I don't know. Some of my– let's say, some of my colleagues say, science will go on. But certainly, there will not be perpetual novelty, say for 1,000 years. This thing can't keep on going on, we're always going to discover new laws, new laws, new laws. If we do, it will get boring that there are so many levels, one underneath the other.

So the only way that it seems to me that it can happen– that what can happen in the future first– either that everything becomes known, that all the laws become known. That would mean that after you had enough laws, you could compute consequences. And they would always agree with experiment, which would be the end of the line.

Or it might happen that the experiments get harder and harder to make, more and more expensive, that you get 99.9% of the phenomena. But there's always some phenomenon which has just been discovered that's very hard to measure, which disagrees and gets harder and harder to measure. As you discover the explanation of that one, there's always another one. And it gets slower and slower and more and more uninteresting. That's another way that it could end.

But I think it has to end in one way or another. And I think that we are very lucky to live in the age in which we're still making the discoveries. It's an age which will never come again. It's like the discoveries of America. You only discover it once. It was an exciting day, when there was investigations of America.

But the age that we live in is the age in which we are discovering the fundamental laws of nature. And that day will never come again. I don't mean we're finished. I mean, we're right in the process of making such discoveries. It's very exciting and marvelous, but this excitement will have to go.

Of course, in the future there will be other interests. There will be interests on the connection of one level of phenomena to another, phenomena in biology and so on, all kinds of things. Or if you're talking about explorations, exploring planets and other things. But there will not still be the same thing as we're doing now. It will be just different interests.

Another thing that will happen is that if all is known– ultimately, if it turns out all is known, it gets very dull– the biggest philosophy and the careful attention to all these things that I've been talking about will have gradually disappeared. The philosophers, who are always on the outside, making stupid remarks, will be able to close in. Because we can't push them away by saying, well, if you were right, you'd be able to guess all the rest of the laws. Because when they're all there, they'll have an explanation for it.

For instance, there are always explanations as to why the world is three dimensional. Well, there's only one world. And it's hard to tell if that explanation is right or not. So if everything were known, there will be some explanation about why those are the right laws.

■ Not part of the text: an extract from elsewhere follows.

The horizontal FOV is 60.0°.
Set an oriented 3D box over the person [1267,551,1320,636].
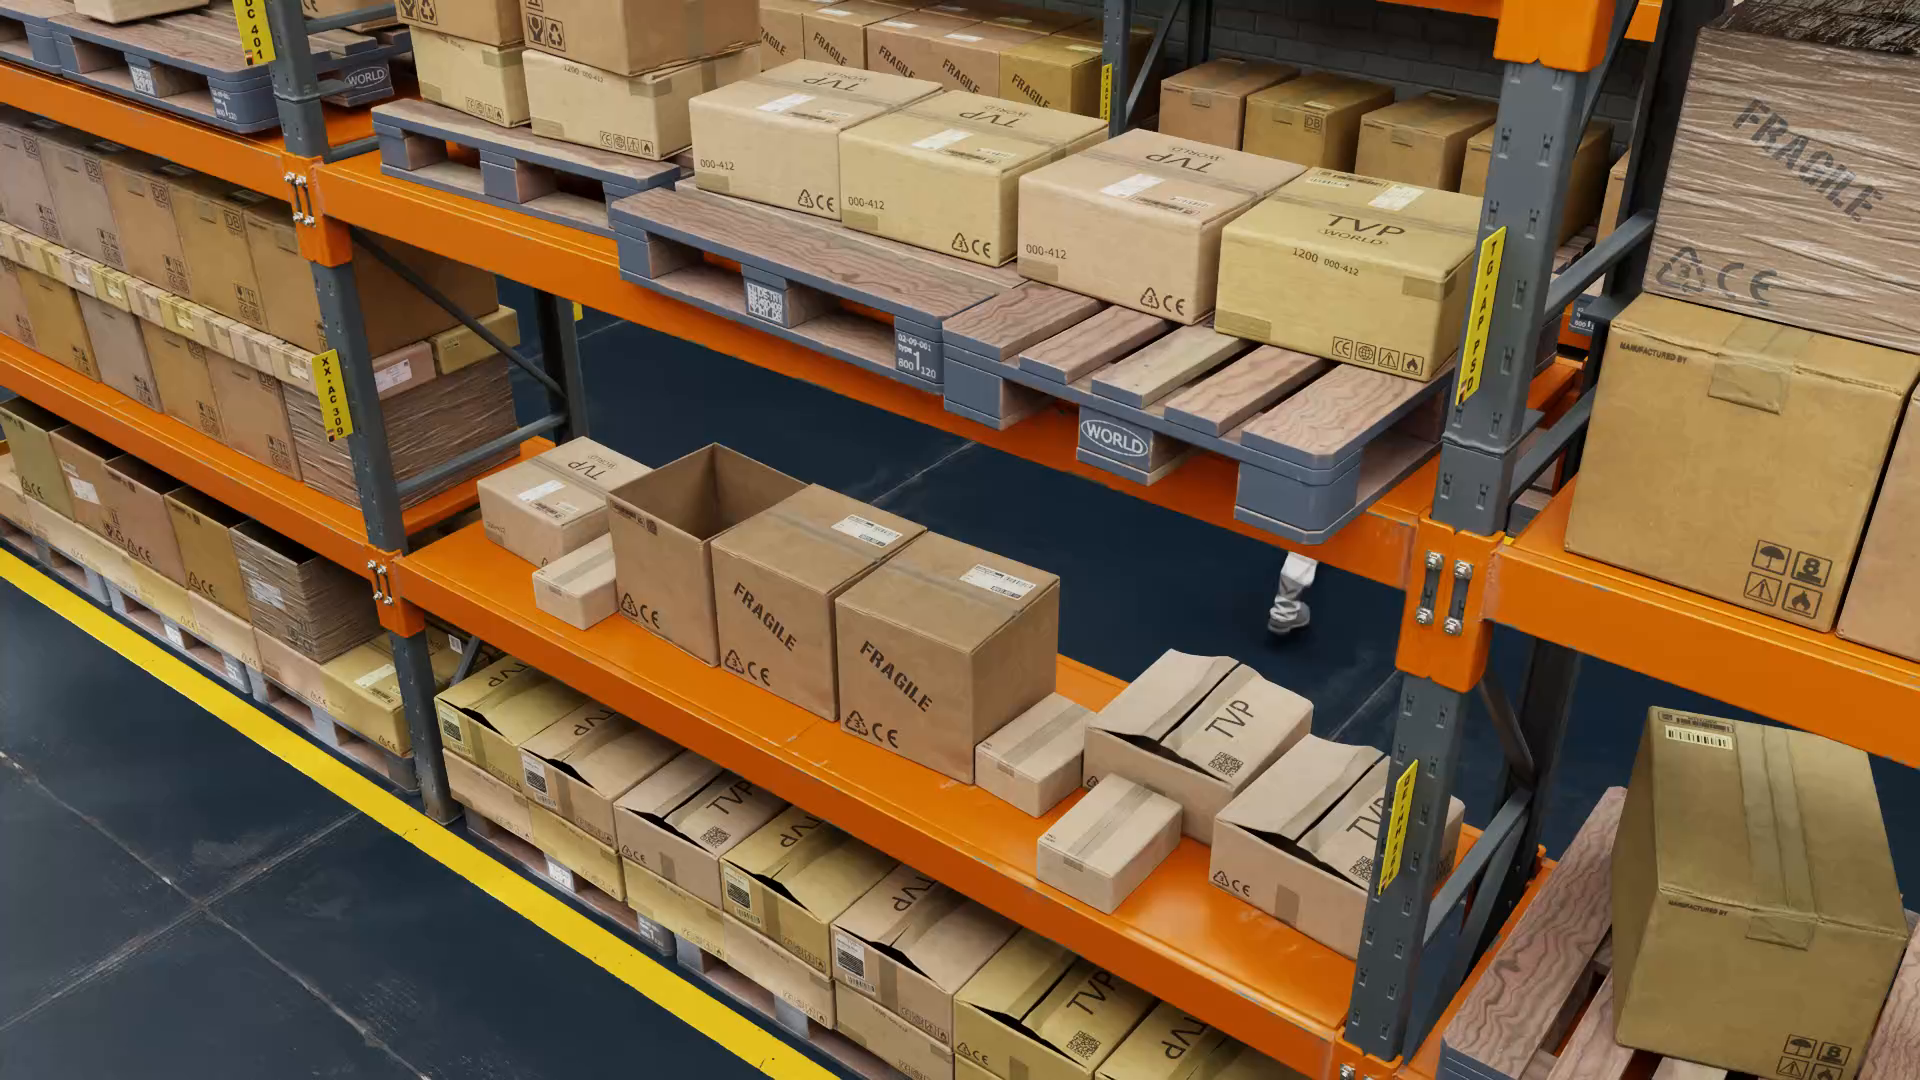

But that explanation will be in a frame that we can't criticize by arguing that that type of reasoning will not permit us to go further. So there will be a degeneration of ideas, just like the degeneration that great explorers feel occurs when tourists begin moving in on their territory.

I must say that in this age, people are experiencing a delight, a tremendous delight. The delight that you get when you guess how nature will work in a new situation, never seen before. From experiments and information in a certain range, you can guess what's going to happen in the region where no one has ever explored before.

It's a little different than regular exploration. That is, there's enough clues on the land discovered to guess what the land is going to look like that hasn't been discovered. And these guesses, incidentally, are often very different than what you've already seen. It takes a lot of thought.

What is it about nature that lets this happen, that it's possible to guess from one part what the rest is going to do? That's an unscientific question, what is it about nature. I don't know how to answer.

And I'm going to give therefore an unscientific answer. I think it is because nature has a simplicity and therefore a great beauty. Thank you very much.